*Records provided*.
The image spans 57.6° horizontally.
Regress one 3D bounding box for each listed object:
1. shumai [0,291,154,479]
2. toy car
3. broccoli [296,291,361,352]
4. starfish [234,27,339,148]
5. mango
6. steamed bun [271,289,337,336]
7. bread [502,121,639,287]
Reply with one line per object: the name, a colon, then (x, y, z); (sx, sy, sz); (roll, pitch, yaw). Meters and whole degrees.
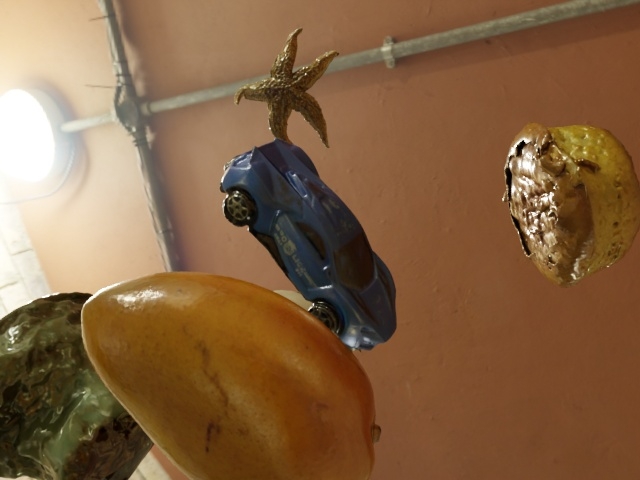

*Prompt*. Write out each line exactly, from the one containing "6. steamed bun [271,289,337,336]" through the end of the entries, and skip the pictures.

*Solution to this exercise*.
6. steamed bun [271,289,337,336]
7. bread [502,121,639,287]
Reply with one line per object: the name, a colon, then (x, y, z); (sx, sy, sz); (roll, pitch, yaw). Meters and whole degrees.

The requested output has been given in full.